Lower perspective-taking and higher empathic concern in the Aβ+ group
There was a main effect of group on both perspective-taking, b = –5.339, t(100) = –4.824, p = 5.039 × 10–6, model adjusted R2 = 0.431, n = 105 (Fig. 1A), and empathic concern, b = 3.550, t(100) = 4.925, p = 3.344 × 10–6, model adjusted R2 = 0.513, n = 105 (Fig. 1B), such that the Aβ+ participants had lower perspective-taking but higher empathic concern than the Aβ- healthy controls. There was also a main effect of gender in the empathic concern regression model, b = 3.202, t(100) = 4.609, p = 1.197 × 10–5, model adjusted R2 = 0.513, n = 105, where women had higher empathic concern than men, which is consistent with prior studies (e.g., [45, 79]). In addition, there was a main effect of perspective-taking in the empathic concern model, b = 0.397, t(100) = 7.628, p = 1.419 × 10–11, model adjusted R2 = 0.513, n = 105, and of empathic concern in the perspective-taking model, b = 0.927, t(100) = 7.628, p = 1.419 × 10–11, model adjusted R2 = 0.431, n = 105, which suggested a positive association between these two empathy subscales.
Fig. 1
Lower perspective-taking, but higher empathic concern, in the Aβ+ symptomatic participants relative to the Aβ- healthy controls. Multivariate linear regression analyses found that, compared to Aβ- healthy controls, the Aβ+ symptomatic group had A) lower perspective-taking (b = –5.339, t(100) = –4.824, p = 5.039 × 10–6, model adjusted R2 = 0.431, n = 105) and B) higher empathic concern (b = 3.550, t(100) = 4.925, p = 3.344 × 10–6, model adjusted R2 = 0.513, n = 105). Covariates of non-interest in these models included age at IRI, gender, and the contrasting IRI subscale (i.e., empathic concern or perspective-taking). Raw perspective-taking scores and empathic concern scores are shown in the figure.

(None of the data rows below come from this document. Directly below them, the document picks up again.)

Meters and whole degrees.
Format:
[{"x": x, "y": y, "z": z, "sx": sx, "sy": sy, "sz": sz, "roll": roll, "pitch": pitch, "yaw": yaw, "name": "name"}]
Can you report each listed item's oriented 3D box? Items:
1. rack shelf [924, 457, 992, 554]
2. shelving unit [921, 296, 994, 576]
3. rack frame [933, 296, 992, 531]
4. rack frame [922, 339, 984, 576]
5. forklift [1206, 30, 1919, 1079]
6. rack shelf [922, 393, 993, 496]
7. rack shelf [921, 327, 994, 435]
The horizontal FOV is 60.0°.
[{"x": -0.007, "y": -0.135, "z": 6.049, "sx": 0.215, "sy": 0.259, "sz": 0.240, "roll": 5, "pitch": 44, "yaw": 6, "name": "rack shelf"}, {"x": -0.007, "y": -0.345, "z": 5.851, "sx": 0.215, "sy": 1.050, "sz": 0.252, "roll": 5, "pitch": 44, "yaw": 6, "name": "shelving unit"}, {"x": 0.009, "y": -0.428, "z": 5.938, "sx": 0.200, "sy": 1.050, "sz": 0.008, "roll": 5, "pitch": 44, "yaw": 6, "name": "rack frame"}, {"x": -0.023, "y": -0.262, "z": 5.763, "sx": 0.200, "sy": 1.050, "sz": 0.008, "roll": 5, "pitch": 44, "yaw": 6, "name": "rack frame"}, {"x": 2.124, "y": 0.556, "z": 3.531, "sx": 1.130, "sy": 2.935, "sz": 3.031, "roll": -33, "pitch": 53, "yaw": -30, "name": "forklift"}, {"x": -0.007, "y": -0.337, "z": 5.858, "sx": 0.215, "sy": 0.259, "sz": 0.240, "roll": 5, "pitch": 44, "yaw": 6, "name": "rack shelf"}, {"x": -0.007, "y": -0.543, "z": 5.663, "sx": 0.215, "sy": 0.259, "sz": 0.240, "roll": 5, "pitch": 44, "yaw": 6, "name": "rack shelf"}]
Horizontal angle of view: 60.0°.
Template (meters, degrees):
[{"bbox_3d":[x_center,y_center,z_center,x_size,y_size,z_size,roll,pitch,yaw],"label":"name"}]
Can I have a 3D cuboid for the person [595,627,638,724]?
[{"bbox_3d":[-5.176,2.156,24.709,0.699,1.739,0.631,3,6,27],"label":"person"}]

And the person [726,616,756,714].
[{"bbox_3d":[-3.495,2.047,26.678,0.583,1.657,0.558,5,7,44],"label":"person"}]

To investigate the role of gender in more detail, we conducted additional analyses to examine whether there was an interaction between group and gender. These analyses (which included all the same covariates as the previous models in addition to the interaction term between group and gender) revealed no interactions for either the perspective-taking, interaction b = 0.612, t(99) = 0.284, p = 0.777, model adjusted R2 = 0.426, n = 105, or empathic concern, interaction b = –1.636, t(99) = –1.173, p = 0.243, model adjusted R2 = 0.515, n = 105, models. All findings in the original analyses remained significant, however, including the main effect of group on perspective-taking, b = –5.696, t(99) = –3.391, p = 0.001, model adjusted R2 = 0.426, n = 105, and empathic concern, b = 4.467, t(99) = 4.206, p = 5.715 × 10–5, model adjusted R2 = 0.515, n = 105, such that Aβ+ participants had diminished perspective-taking but elevated empathic concern relative to the Aβ- healthy controls.

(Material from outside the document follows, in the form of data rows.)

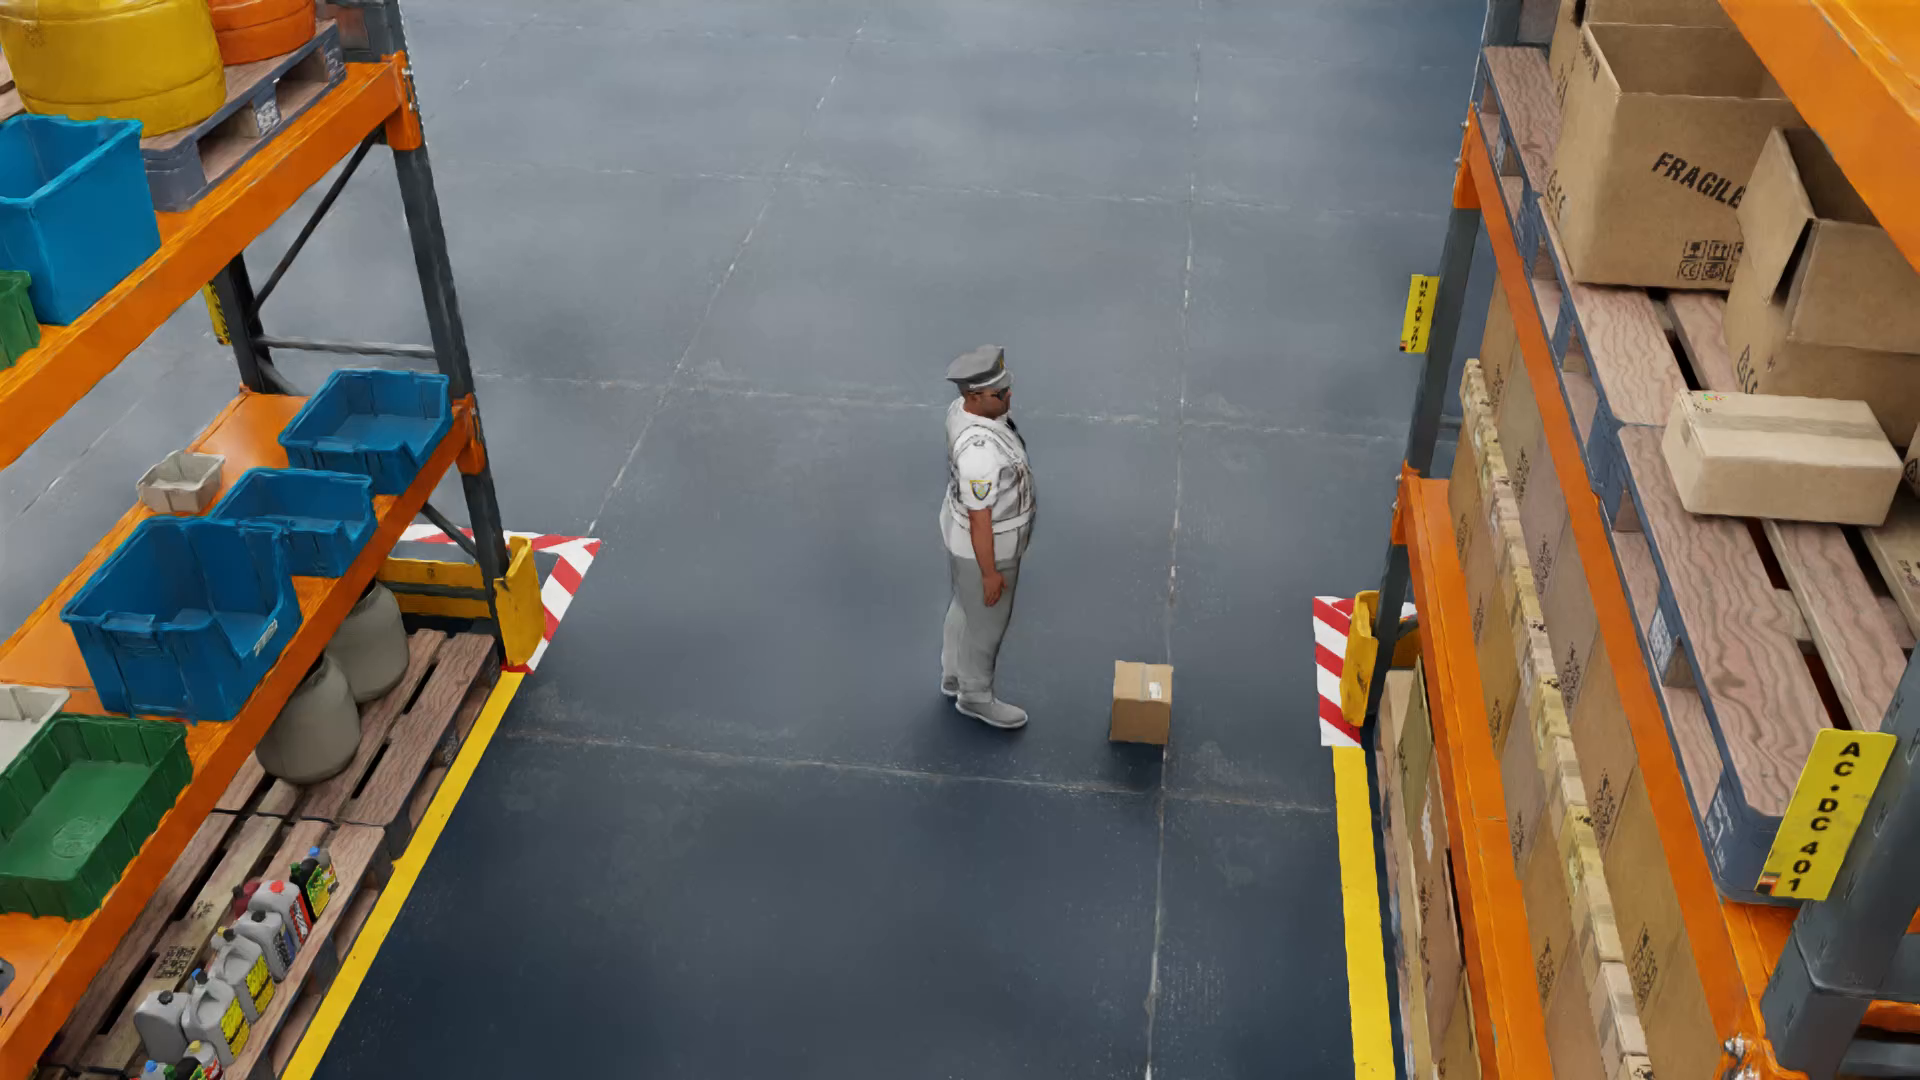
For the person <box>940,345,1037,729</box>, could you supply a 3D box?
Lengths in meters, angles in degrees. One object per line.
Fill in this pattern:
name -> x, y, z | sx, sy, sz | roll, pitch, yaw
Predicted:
person -> 0.112, -0.033, 7.047 | 0.403, 1.784, 0.655 | -4, 36, -6

We next conducted a follow-up exploratory analysis of perspective-taking that compared each of the Aβ+ clinical syndromes to the Aβ- healthy controls. In this model (which included the same covariates as our original analyses), there was a main effect of group, F(4, 97) = 7.571, p = 2.374 × 10–5, model adjusted R2 = 0.449, n = 105. Bonferroni-corrected post hoc analyses revealed lower perspective-taking in the DAT, t(97) = –4.651, pBONFERRONI = 4.183 × 10–5, Cohen’s d = 1.157; lvPPA, t(97) = –4.176, pBONFERRONI = 2.590 × 10–4, Cohen’s d = 1.579; and PCA, t(97) = –2.658, pBONFERRONI = 0.037, Cohen’s d = 0.974, groups than in Aβ- healthy controls (Supplementary Figure 1A). Perspective-taking in the MCI and Aβ- healthy control groups did not differ, t(97) = –1.726, pBONFERRONI = 0.350, Cohen’s d = 0.556, however. There was also a main effect of empathic concern, F(1, 97) = 56.497, p = 2.817 × 10–11, model adjusted R2 = 0.449, n = 105, in line with the previous analysis.

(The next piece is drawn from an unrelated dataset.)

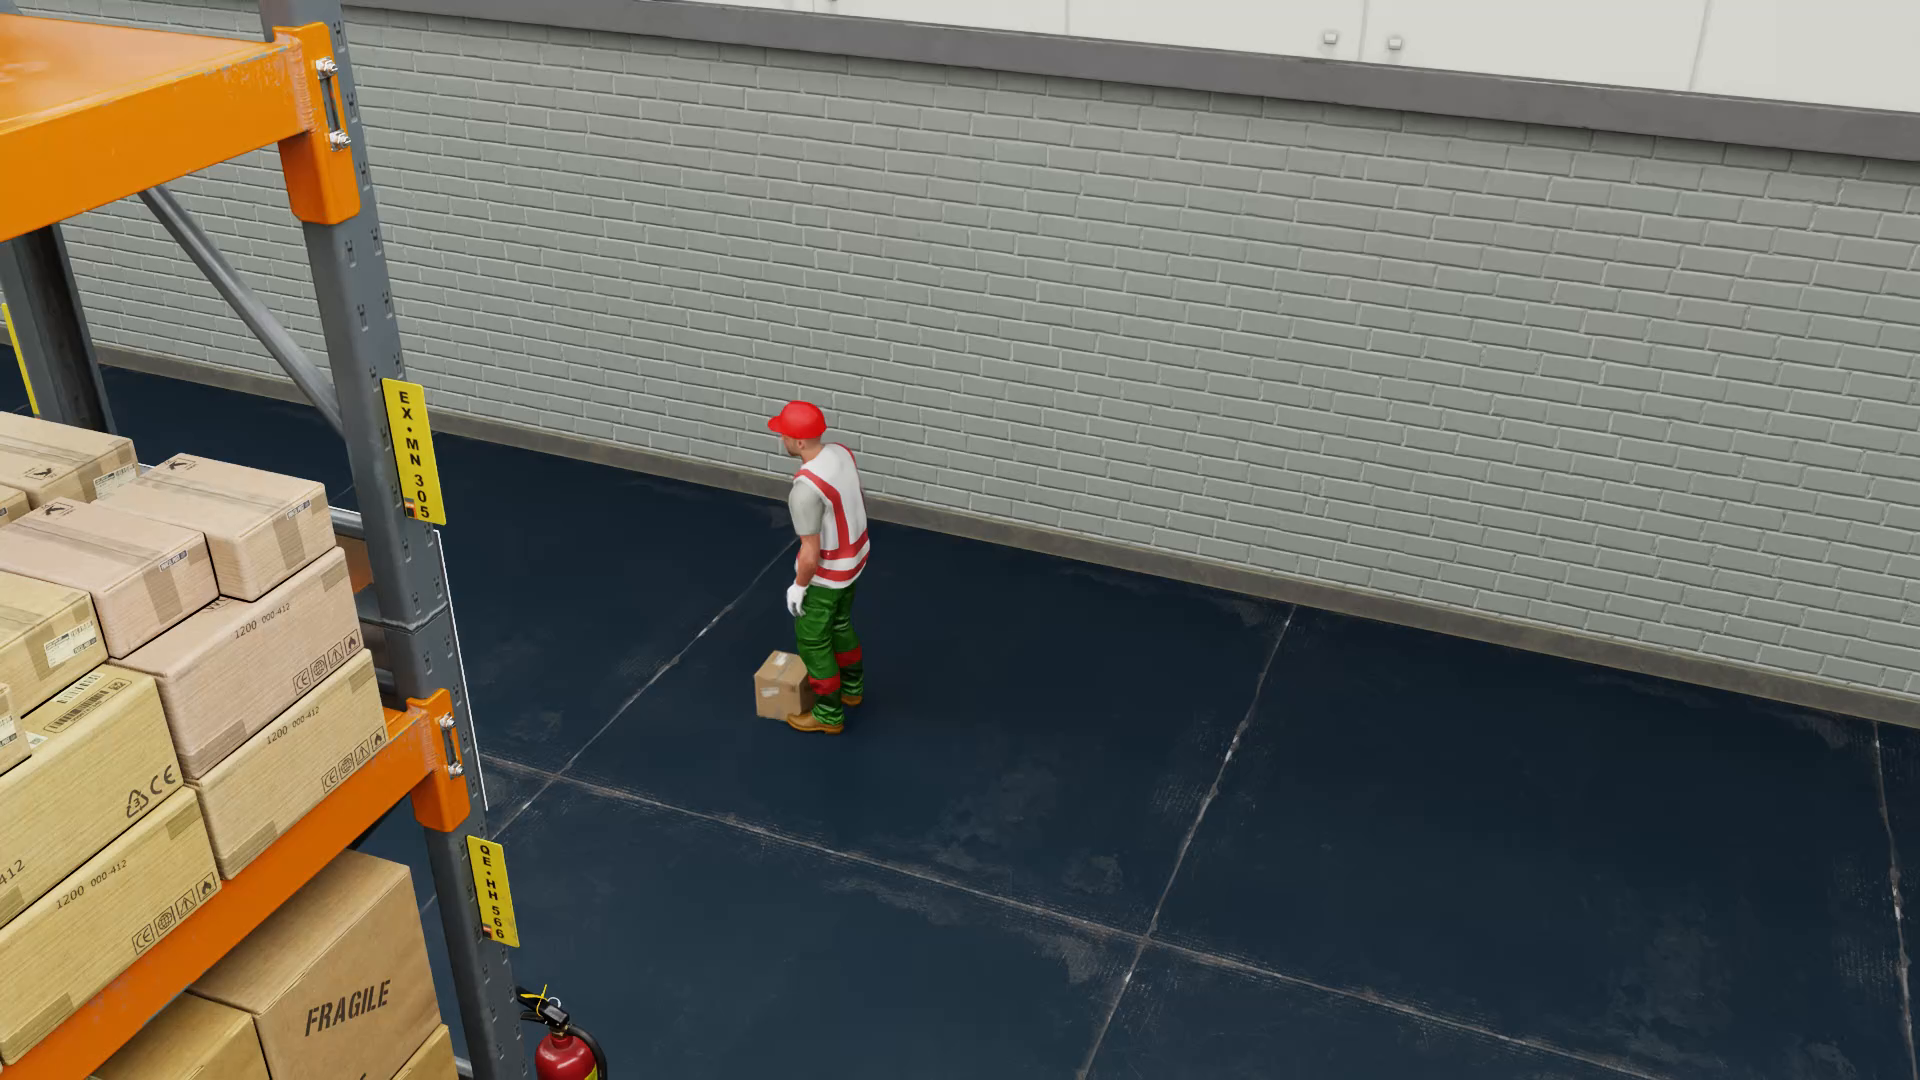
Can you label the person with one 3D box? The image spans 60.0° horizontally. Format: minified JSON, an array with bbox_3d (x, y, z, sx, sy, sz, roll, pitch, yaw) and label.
[{"bbox_3d":[-0.678,0.134,8.149,0.447,1.778,0.592,10,31,17],"label":"person"}]

In a similar follow-up exploratory analysis of empathic concern, there was also a main effect of group, F(4, 97) = 6.437, p = 1.228 × 10–4, model adjusted R2 = 0.507, n = 105. Bonferroni-corrected post hoc analyses revealed higher empathic concern in the MCI, t(97) = 2.825, pBONFERRONI = 0.023, Cohen’s d = 0.889; DAT, t(97) = 4.763, pBONFERRONI = 2.673 × 10–5, Cohen’s d = 1.180; and lvPPA, t(97) = 2.996, pBONFERRONI = 0.014, Cohen’s d = 1.177, groups than in the Aβ- healthy controls (Supplementary Figure 1B). Empathic concern in the PCA and Aβ- healthy control groups did not differ, however, t(97) = 2.095, pBONFERRONI = 0.155, Cohen’s d = 0.778. Additional main effects included gender, F(1, 97) = 21.850, p = 9.518 × 10–6, model adjusted R2 = 0.507, n = 105, and perspective-taking, F(1, 97) = 56.497, p = 2.817 × 10–11, model adjusted R2 = 0.507, n = 105, consistent with the previous analysis.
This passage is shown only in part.